Neutrophils are a particular subset of white blood cells that ANCAs primarily target. Their primary target is the cytoplasm of neutrophils. When ANCAs (the autoantibodies) adhere to neutrophils, they attack the body's tiny arteries. This is how this illness causes vasculitis, an inflammation of the blood vessels.

When exposed to ANCAs, neutrophils (a type of white blood cell) assault small blood arteries, causing swelling and inflammation. Most people don't have these ANCAs (autoantibodies that attack small blood vessels).
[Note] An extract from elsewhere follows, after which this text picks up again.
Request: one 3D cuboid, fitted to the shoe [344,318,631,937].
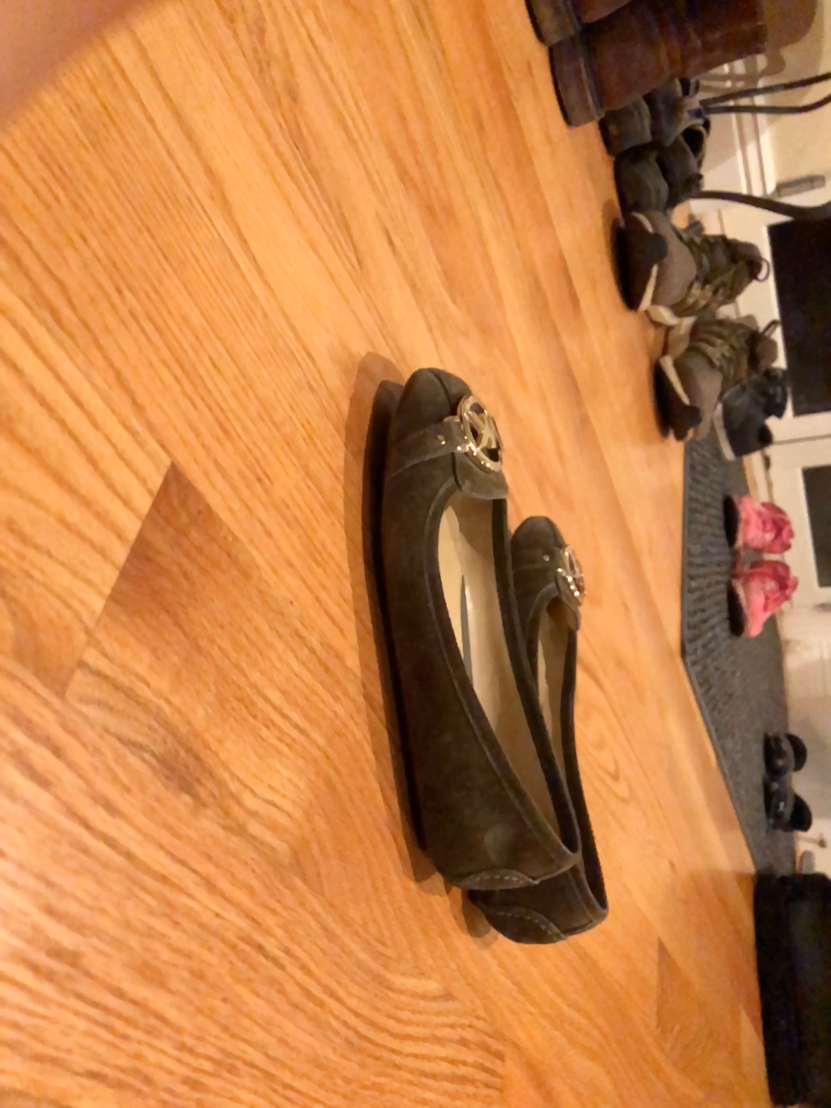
[{"bbox_3d":[0.036,0.031,0.416,0.091,0.079,0.242,-2,86,-65],"label":"shoe"}]

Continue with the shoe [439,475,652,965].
[{"bbox_3d":[0.080,0.087,0.505,0.091,0.079,0.240,49,41,-51],"label":"shoe"}]

ANCA vasculitis can induce various symptoms depending on the organ or body part affected.

The diagnosis of antineutrophil cytoplasmic antibody (ANCA)-associated vasculitis is based on the presence of ANCA, clinical symptoms, and a biopsy of the frequently affected organs such as the kidneys and nasal mucosa or the lungs (which are infrequently affected).

It is suggested to perform ANCA testing through indirect immunofluorescence and antigen-specific enzyme-linked immunosorbent assays, both of which have excellent sensitivity (about 99 percent) and good specificity (approximately 70 percent).

Patients with Wegener's granulomatosis and microscopic polyangiitis are treated in three stages:

1. Induction of remission
2. Maintenance of remission
3. Therapy of relapse

Cytoxan (cyclophosphamide) and corticosteroids are frequently used as part of induction therapy nowadays. The use of high-dose intravenous methylprednisolone for three days in conjunction with oral or intravenous cyclophosphamide is advised for aggressive disease. 

Prednisone tapering dosages and cyclophosphamide maintenance for 12 to 18 months should be followed.

All medication dosages may be gradually decreased in individuals who have experienced continuous remission for 12 months. Patients who have their symptoms under good control must be closely watched every six months for signs of relapse. While using these drugs, routine complete blood counts and liver function tests should be performed.

Additional therapy regimens that may be beneficial include:

• Methotrexate
• Imuran (azathioprine)
• Bactrim, Septra (trimethoprim-sulfamethoxazole)
• Plasma exchange
• Sandimmune (cyclosporine)
• Intravenous immunoglobulin
• Monoclonal antibodies

H2 blockers or proton pump inhibitors may be administered to patients while they receive potentially ulcerogenic immunosuppressive therapy. In addition to trimethoprim-sulfamethoxazole (480 mg) three times weekly for prophylaxis of pneumocystis carinii, prophylactic treatment with Diflucan (fluconazole) orally for fungus infection may be taken into consideration.

Comorbid disorders such as hypertension, diabetes, hypercholesterolemia, and smoking should be properly treated as they accelerate vascular damage.

When a drug causes vasculitis, it must be stopped. Skin-related arthralgias and myalgias are reduced by antihistamines and nonsteroidal anti-inflammatory drugs. Severe cutaneous diseases may require oral corticosteroid therapy.